I need to tell you that I signed up for this. I was made to have these beautiful daughters. I was made to spend the rest of my life with this man. I am grateful that I get to stay home and do this. But, damn, this is a lot harder then I thought.

Getting Started

Damn. I am blogging. I hate me. I would rather search other blogs, get frustrated when you do not answer my questions, judge everyone and live in my own private bubble. Instead, I start my own blog. Super.

The main reason I wanted to do this is because I have not found "the site." I want answers dammit! Like, how the hell do you keep your house clean? No, really? How do you fight the urge to sit in front of the TV all day? When do you plant tomatoes in Minnesota? What can you do to help your husband understand that you are always right? How do you manage other peoples lives without managing other peoples lives? How do you keep a budget when you hate a budget? Simple questions really. So I Googled "homemaker." I have nothing against Christian Mothers. I might even be one (just don't tell my husband). But, I do have something against people who say they are Christian Mothers. It's like some group that never invited me to play. I really don't want to play, but a conversation would be nice. Apparently, homemakers are Christian. Damn. Who knew. I should have put that on my resume to stay at home with my kids.

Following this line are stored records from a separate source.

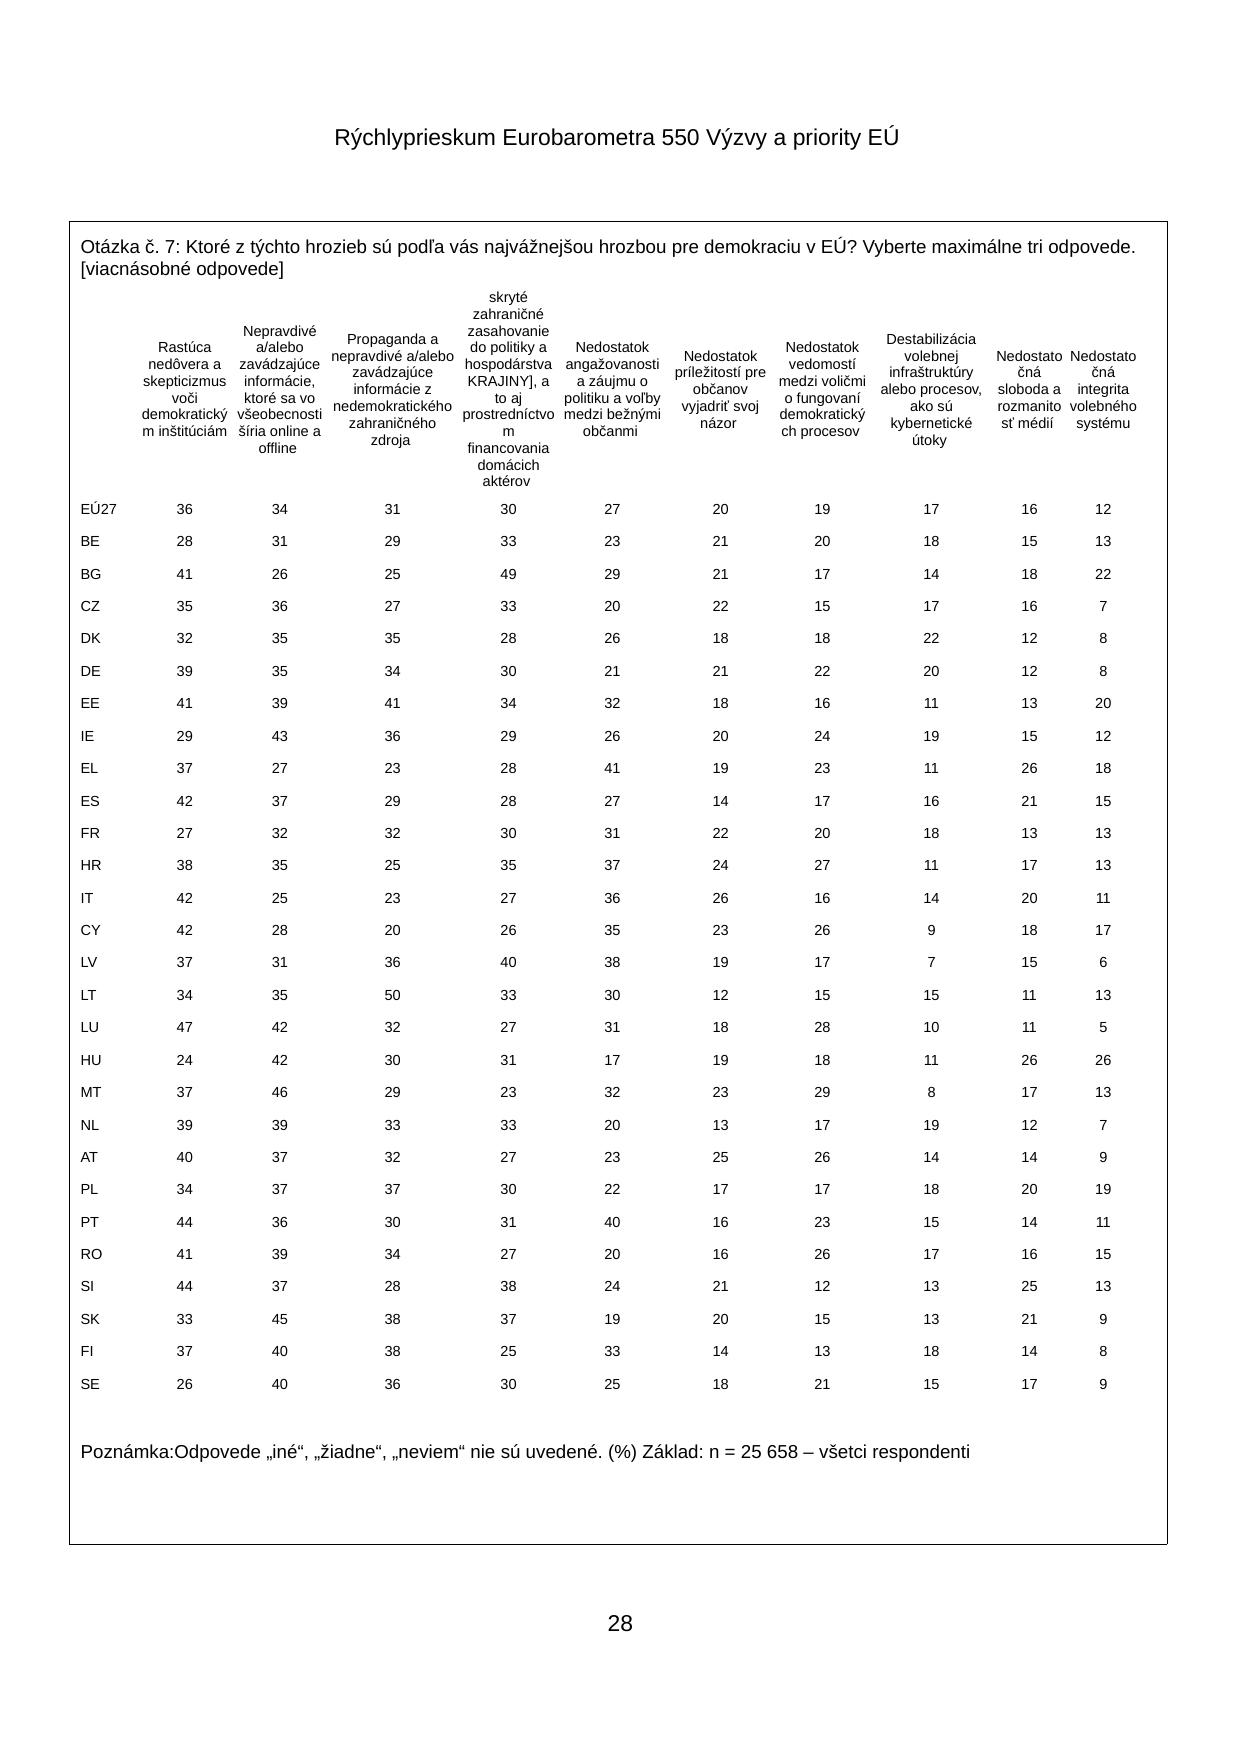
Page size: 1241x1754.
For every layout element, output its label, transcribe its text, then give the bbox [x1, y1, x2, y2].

table_cell LU [78, 1011, 129, 1043]
table_cell 32 [559, 1076, 666, 1108]
table_cell Poznámka:Odpovede „iné“, „žiadne“, „neviem“ nie sú uvedené. (%) Základ: n = 25 658 – všetci respondenti [78, 1400, 1141, 1503]
table_cell 37 [232, 1270, 327, 1303]
table_cell 13 [1066, 1076, 1141, 1108]
table_cell 15 [1066, 1238, 1141, 1270]
table_cell LV [78, 946, 129, 979]
table_cell CY [78, 914, 129, 946]
table_cell 33 [559, 1335, 666, 1367]
table_cell ES [78, 784, 129, 817]
table_cell 40 [232, 1335, 327, 1367]
table_cell 31 [328, 493, 458, 525]
table_cell 37 [328, 1173, 458, 1206]
table_cell 27 [232, 752, 327, 784]
table_cell 49 [458, 558, 559, 590]
table_cell 30 [458, 655, 559, 687]
table_cell [130, 752, 137, 784]
table_cell SI [78, 1270, 129, 1303]
table_cell [130, 1270, 137, 1303]
table_cell 19 [666, 946, 775, 979]
table_cell 30 [328, 1044, 458, 1076]
table_cell 26 [1066, 1044, 1141, 1076]
table_header Otázka č. 7: Ktoré z týchto hrozieb sú podľa vás najvážnejšou hrozbou pre demokraciu v EÚ? Vyberte maximálne tri odpovede. [viacnásobné odpovede] [78, 230, 1141, 286]
table_cell 29 [137, 720, 232, 752]
table_cell EE [78, 687, 129, 719]
table_cell 36 [232, 590, 327, 622]
table_cell [130, 882, 137, 914]
table_cell 32 [328, 817, 458, 849]
table_cell 28 [232, 914, 327, 946]
table_cell 23 [775, 1206, 869, 1238]
table_cell 22 [559, 1173, 666, 1206]
table_cell [130, 1368, 137, 1400]
table_cell 14 [666, 1335, 775, 1367]
table_cell HR [78, 849, 129, 882]
table_cell 16 [666, 1238, 775, 1270]
table_cell 31 [232, 525, 327, 558]
table_cell [130, 849, 137, 882]
table_cell 19 [666, 1044, 775, 1076]
table_cell 12 [1066, 720, 1141, 752]
table_cell 13 [1066, 1270, 1141, 1303]
table_cell [130, 720, 137, 752]
table_cell 26 [666, 882, 775, 914]
table_cell 34 [137, 979, 232, 1011]
table_cell 30 [559, 979, 666, 1011]
table_cell 18 [775, 1044, 869, 1076]
table_cell [78, 286, 129, 493]
table_cell SE [78, 1368, 129, 1400]
table_cell 12 [993, 655, 1066, 687]
table_cell 5 [1066, 1011, 1141, 1043]
table_cell 15 [870, 1206, 993, 1238]
table_cell 18 [870, 1173, 993, 1206]
table_cell 13 [993, 687, 1066, 719]
table_cell 41 [559, 752, 666, 784]
table_cell 18 [870, 1335, 993, 1367]
table_cell 34 [328, 1238, 458, 1270]
table_cell 37 [137, 946, 232, 979]
table_cell HU [78, 1044, 129, 1076]
table_cell 20 [870, 655, 993, 687]
table_cell RO [78, 1238, 129, 1270]
table_cell 15 [870, 1368, 993, 1400]
table_cell 15 [993, 946, 1066, 979]
table_cell 29 [328, 525, 458, 558]
table_cell 30 [458, 1173, 559, 1206]
table_cell EÚ27 [78, 493, 129, 525]
table_cell 11 [993, 979, 1066, 1011]
table_cell [130, 1173, 137, 1206]
table_cell 20 [328, 914, 458, 946]
table_cell 17 [1066, 914, 1141, 946]
table_cell 20 [666, 493, 775, 525]
table_cell 45 [232, 1303, 327, 1335]
table_cell [130, 1044, 137, 1076]
table_cell 15 [993, 525, 1066, 558]
table_cell 8 [1066, 623, 1141, 655]
table_cell 17 [775, 946, 869, 979]
table_cell 42 [232, 1011, 327, 1043]
table_cell 26 [775, 914, 869, 946]
table_cell 38 [137, 849, 232, 882]
table_cell 8 [1066, 1335, 1141, 1367]
table_cell 40 [559, 1206, 666, 1238]
table_cell [130, 914, 137, 946]
table_cell 12 [1066, 493, 1141, 525]
table_cell 9 [870, 914, 993, 946]
table_cell 7 [870, 946, 993, 979]
table_cell 18 [870, 525, 993, 558]
table_cell 44 [137, 1270, 232, 1303]
table_cell 34 [328, 655, 458, 687]
table_cell 21 [666, 525, 775, 558]
table_cell 13 [775, 1335, 869, 1367]
table_cell PT [78, 1206, 129, 1238]
table_cell 23 [559, 525, 666, 558]
table_cell 27 [458, 1141, 559, 1173]
table_cell 14 [993, 1335, 1066, 1367]
table_cell 28 [458, 623, 559, 655]
table_cell 26 [559, 720, 666, 752]
table_cell 23 [458, 1076, 559, 1108]
table_cell 8 [1066, 655, 1141, 687]
table_cell [130, 946, 137, 979]
table_cell 32 [559, 687, 666, 719]
table_cell 35 [559, 914, 666, 946]
table_cell 21 [993, 1303, 1066, 1335]
table_cell 28 [775, 1011, 869, 1043]
table_cell 15 [870, 979, 993, 1011]
table_cell 16 [993, 1238, 1066, 1270]
table_cell 31 [458, 1044, 559, 1076]
table_cell 15 [775, 590, 869, 622]
table_cell 22 [870, 623, 993, 655]
table_cell Propaganda a nepravdivé a/alebo zavádzajúce informácie z nedemokratického zahraničného zdroja [328, 286, 458, 493]
table_cell 36 [232, 1206, 327, 1238]
table_cell 28 [458, 752, 559, 784]
table_cell 25 [666, 1141, 775, 1173]
table_cell 39 [137, 1108, 232, 1141]
table_cell [130, 1011, 137, 1043]
table_cell 22 [666, 590, 775, 622]
table_cell 18 [993, 914, 1066, 946]
table_cell 14 [870, 882, 993, 914]
table_cell [130, 558, 137, 590]
table_cell 14 [666, 784, 775, 817]
table_cell [130, 979, 137, 1011]
table_cell 23 [328, 882, 458, 914]
table_cell 39 [232, 1238, 327, 1270]
table_cell 33 [458, 590, 559, 622]
table_cell 23 [666, 1076, 775, 1108]
table_cell 7 [1066, 590, 1141, 622]
table_cell 13 [870, 1303, 993, 1335]
table_cell 17 [993, 1368, 1066, 1400]
table_cell 12 [666, 979, 775, 1011]
table_cell 35 [232, 655, 327, 687]
table_cell 46 [232, 1076, 327, 1108]
table_cell 39 [232, 687, 327, 719]
table_cell 26 [993, 1044, 1066, 1076]
table_cell 22 [666, 817, 775, 849]
table_cell 14 [870, 1141, 993, 1173]
table_cell [130, 590, 137, 622]
table_cell 11 [870, 752, 993, 784]
table_cell 19 [870, 1108, 993, 1141]
table_cell 16 [775, 882, 869, 914]
table_cell 26 [559, 623, 666, 655]
table_cell 41 [328, 687, 458, 719]
table_cell 38 [328, 1303, 458, 1335]
table_cell 26 [775, 1238, 869, 1270]
table_cell 38 [559, 946, 666, 979]
table_cell 20 [559, 1238, 666, 1270]
table_cell 37 [232, 784, 327, 817]
table_cell FI [78, 1335, 129, 1367]
table_cell 32 [137, 623, 232, 655]
table_cell 18 [666, 687, 775, 719]
table_cell 41 [137, 687, 232, 719]
table_cell 34 [232, 493, 327, 525]
table_cell 31 [458, 1206, 559, 1238]
table_cell 40 [137, 1141, 232, 1173]
table_cell 14 [993, 1141, 1066, 1173]
table_cell 42 [137, 882, 232, 914]
table_cell 8 [870, 1076, 993, 1108]
table_cell 37 [458, 1303, 559, 1335]
table_cell 12 [993, 1108, 1066, 1141]
table_cell 29 [328, 1076, 458, 1108]
table_cell 38 [328, 1335, 458, 1367]
table_cell 14 [993, 1206, 1066, 1238]
table_cell 18 [666, 623, 775, 655]
table_cell 20 [666, 1303, 775, 1335]
table_cell 11 [870, 687, 993, 719]
table_cell 35 [232, 623, 327, 655]
table_cell 22 [1066, 558, 1141, 590]
table_cell [130, 1141, 137, 1173]
table_cell 25 [328, 558, 458, 590]
table_cell 37 [559, 849, 666, 882]
table_cell 25 [993, 1270, 1066, 1303]
table_cell 41 [137, 558, 232, 590]
table_cell 27 [328, 590, 458, 622]
table_cell 26 [232, 558, 327, 590]
table_cell [130, 1335, 137, 1367]
table_cell 25 [232, 882, 327, 914]
table_cell 33 [458, 979, 559, 1011]
table_cell Nedostatočná sloboda a rozmanitosť médií [993, 286, 1066, 493]
table_cell 17 [775, 1173, 869, 1206]
table_cell 11 [870, 849, 993, 882]
table_cell 21 [666, 1270, 775, 1303]
table_cell AT [78, 1141, 129, 1173]
table_cell 30 [458, 1368, 559, 1400]
table_cell 27 [458, 882, 559, 914]
table_cell 11 [870, 1044, 993, 1076]
table_cell [130, 817, 137, 849]
table_cell 27 [458, 1011, 559, 1043]
table_cell 19 [870, 720, 993, 752]
table_cell 36 [328, 946, 458, 979]
table_cell BE [78, 525, 129, 558]
table_cell 37 [232, 1141, 327, 1173]
table_cell 24 [559, 1270, 666, 1303]
table_cell 42 [137, 914, 232, 946]
table_cell [130, 784, 137, 817]
table_cell EL [78, 752, 129, 784]
table_cell 20 [1066, 687, 1141, 719]
table_cell 7 [1066, 1108, 1141, 1141]
table_cell 23 [775, 752, 869, 784]
table_cell 17 [870, 1238, 993, 1270]
table_cell 40 [232, 1368, 327, 1400]
table_cell [130, 1206, 137, 1238]
table_cell 19 [1066, 1173, 1141, 1206]
table_cell IT [78, 882, 129, 914]
table_cell SK [78, 1303, 129, 1335]
table_cell 21 [775, 1368, 869, 1400]
table_cell [130, 286, 137, 493]
table_cell FR [78, 817, 129, 849]
table_cell 17 [559, 1044, 666, 1076]
table_cell 17 [870, 590, 993, 622]
table_cell 39 [137, 655, 232, 687]
table_cell 23 [559, 1141, 666, 1173]
table_cell 20 [775, 525, 869, 558]
table_cell 20 [666, 720, 775, 752]
table_cell 26 [137, 1368, 232, 1400]
table_cell 35 [328, 623, 458, 655]
table_cell 18 [666, 1368, 775, 1400]
table_cell 37 [137, 1076, 232, 1108]
table_cell CZ [78, 590, 129, 622]
table_cell Rastúca nedôvera a skepticizmus voči demokratickým inštitúciám [137, 286, 232, 493]
table_cell 27 [458, 1238, 559, 1270]
table_cell IE [78, 720, 129, 752]
table_cell 15 [993, 720, 1066, 752]
table_cell 30 [458, 493, 559, 525]
table_cell 21 [666, 655, 775, 687]
table_cell 20 [775, 817, 869, 849]
table_cell 9 [1066, 1141, 1141, 1173]
table_cell DE [78, 655, 129, 687]
table_cell 19 [666, 752, 775, 784]
table_cell 16 [993, 493, 1066, 525]
table_cell skryté zahraničné zasahovanie do politiky a hospodárstva KRAJINY], a to aj prostredníctvom financovania domácich aktérov [458, 286, 559, 493]
table_cell 26 [775, 1141, 869, 1173]
table_cell 39 [232, 1108, 327, 1141]
table_cell 33 [328, 1108, 458, 1141]
table_cell 13 [1066, 817, 1141, 849]
table_cell [130, 623, 137, 655]
table_cell 17 [993, 1076, 1066, 1108]
table_cell 15 [1066, 784, 1141, 817]
table_cell 36 [137, 493, 232, 525]
table_cell 20 [993, 1173, 1066, 1206]
table_cell 36 [328, 1368, 458, 1400]
table_cell 20 [993, 882, 1066, 914]
table_cell 35 [137, 590, 232, 622]
table_cell 17 [775, 558, 869, 590]
table_cell 30 [458, 817, 559, 849]
table_cell 26 [458, 914, 559, 946]
table_cell 28 [328, 1270, 458, 1303]
table_cell 25 [559, 1368, 666, 1400]
table_cell 17 [775, 1108, 869, 1141]
table_cell Destabilizácia volebnej infraštruktúry alebo procesov, ako sú kybernetické útoky [870, 286, 993, 493]
table_cell 13 [1066, 979, 1141, 1011]
table_cell 13 [993, 817, 1066, 849]
table_cell 13 [1066, 849, 1141, 882]
table_cell 40 [458, 946, 559, 979]
table_cell Nedostatok vedomostí medzi voličmi o fungovaní demokratických procesov [775, 286, 869, 493]
table_cell 28 [137, 525, 232, 558]
table_cell 29 [559, 558, 666, 590]
table_cell 27 [775, 849, 869, 882]
table_cell 34 [458, 687, 559, 719]
table_cell 31 [559, 1011, 666, 1043]
table_cell 19 [775, 493, 869, 525]
table_cell 25 [328, 849, 458, 882]
table_cell 12 [993, 623, 1066, 655]
table_cell 27 [137, 817, 232, 849]
table_cell 37 [137, 752, 232, 784]
table_cell 42 [232, 1044, 327, 1076]
table_cell LT [78, 979, 129, 1011]
table_cell 16 [775, 687, 869, 719]
table_cell 11 [993, 1011, 1066, 1043]
table_cell Nedostatok angažovanosti a záujmu o politiku a voľby medzi bežnými občanmi [559, 286, 666, 493]
table_cell 18 [1066, 752, 1141, 784]
table_cell [130, 1238, 137, 1270]
table_cell 16 [993, 590, 1066, 622]
table_cell MT [78, 1076, 129, 1108]
table_cell 11 [1066, 1206, 1141, 1238]
table_cell 14 [870, 558, 993, 590]
table_cell [130, 687, 137, 719]
table_cell [130, 655, 137, 687]
table_cell 23 [666, 914, 775, 946]
table_cell 32 [328, 1141, 458, 1173]
table_cell 38 [458, 1270, 559, 1303]
table_cell 24 [137, 1044, 232, 1076]
table_cell 31 [232, 946, 327, 979]
table_cell 32 [232, 817, 327, 849]
table_cell 15 [775, 1303, 869, 1335]
table_cell 19 [559, 1303, 666, 1335]
table_cell 41 [137, 1238, 232, 1270]
table_cell 11 [1066, 882, 1141, 914]
table_cell Nepravdivé a/alebo zavádzajúce informácie, ktoré sa vo všeobecnosti šíria online a offline [232, 286, 327, 493]
table_cell 33 [458, 1108, 559, 1141]
table_cell 31 [559, 817, 666, 849]
table_cell [130, 1076, 137, 1108]
table_cell 36 [328, 720, 458, 752]
table_cell 27 [559, 493, 666, 525]
table_cell 13 [1066, 525, 1141, 558]
table_cell 18 [870, 817, 993, 849]
table_cell DK [78, 623, 129, 655]
table_cell 47 [137, 1011, 232, 1043]
table_cell 9 [1066, 1303, 1141, 1335]
table_cell 16 [666, 1206, 775, 1238]
table_cell 17 [870, 493, 993, 525]
table_cell 32 [328, 1011, 458, 1043]
table_cell 44 [137, 1206, 232, 1238]
table_cell 30 [328, 1206, 458, 1238]
table_cell 43 [232, 720, 327, 752]
table_cell 13 [666, 1108, 775, 1141]
table_cell PL [78, 1173, 129, 1206]
table_cell 50 [328, 979, 458, 1011]
table_cell 42 [137, 784, 232, 817]
table_cell 18 [775, 623, 869, 655]
table_cell Nedostatočná integrita volebného systému [1066, 286, 1141, 493]
table_cell 37 [232, 1173, 327, 1206]
table_cell Nedostatok príležitostí pre občanov vyjadriť svoj názor [666, 286, 775, 493]
table_cell 23 [328, 752, 458, 784]
table_cell 18 [993, 558, 1066, 590]
table_cell [130, 1303, 137, 1335]
table_cell 21 [993, 784, 1066, 817]
table_cell 29 [775, 1076, 869, 1108]
table_cell 36 [559, 882, 666, 914]
table_cell 26 [993, 752, 1066, 784]
table_cell 6 [1066, 946, 1141, 979]
table_cell 15 [775, 979, 869, 1011]
table_cell 18 [666, 1011, 775, 1043]
table_cell [130, 525, 137, 558]
table_cell 25 [458, 1335, 559, 1367]
table_cell 21 [666, 558, 775, 590]
table_cell 17 [993, 849, 1066, 882]
table_cell 33 [458, 525, 559, 558]
table_cell 34 [137, 1173, 232, 1206]
table_cell 20 [559, 1108, 666, 1141]
table_cell 22 [775, 655, 869, 687]
table_cell 17 [775, 784, 869, 817]
table_cell 33 [137, 1303, 232, 1335]
table_cell 24 [666, 849, 775, 882]
table_cell NL [78, 1108, 129, 1141]
table_cell 16 [870, 784, 993, 817]
table_cell 20 [559, 590, 666, 622]
table_cell 37 [137, 1335, 232, 1367]
table_cell 12 [775, 1270, 869, 1303]
table_cell 28 [458, 784, 559, 817]
table_cell 9 [1066, 1368, 1141, 1400]
table_cell 29 [328, 784, 458, 817]
table_cell 13 [870, 1270, 993, 1303]
table_cell BG [78, 558, 129, 590]
table_cell 27 [559, 784, 666, 817]
table_cell [130, 493, 137, 525]
table_cell 29 [458, 720, 559, 752]
table_cell 17 [666, 1173, 775, 1206]
table_cell 21 [559, 655, 666, 687]
table_cell 35 [232, 979, 327, 1011]
table_cell 24 [775, 720, 869, 752]
table_cell 35 [458, 849, 559, 882]
table_cell 10 [870, 1011, 993, 1043]
table_cell 35 [232, 849, 327, 882]
table_cell [130, 1108, 137, 1141]

So, that being said, I could only find things that advocated a full day of cleaning every other day, between the food shopping, lawn work, social life and the whole watching the kids thing. I have two infants and I want to play. I also want a clean house. I also want to cook good healthy dinners. And I want to make my husband happy. And I want to have creative spaces for my daughters. Oh, and I want to want to work my 10-20 hours a week. Then there is the need to hang out with friends (like that ever happens) and our families. So, how do I that? Can I google this paragraph and find the answer. mmmm, probably not.

Here is it. This is my answer. I am going to get up tomorrow, do what I can, laugh as much as possible, and have faith (see, told ya) that what needs to get done, will.

I hereby declare this blog to be my journey. It is my hope that by telling you about it, you can help me and I can help me. So, here goes. I will keep you posted.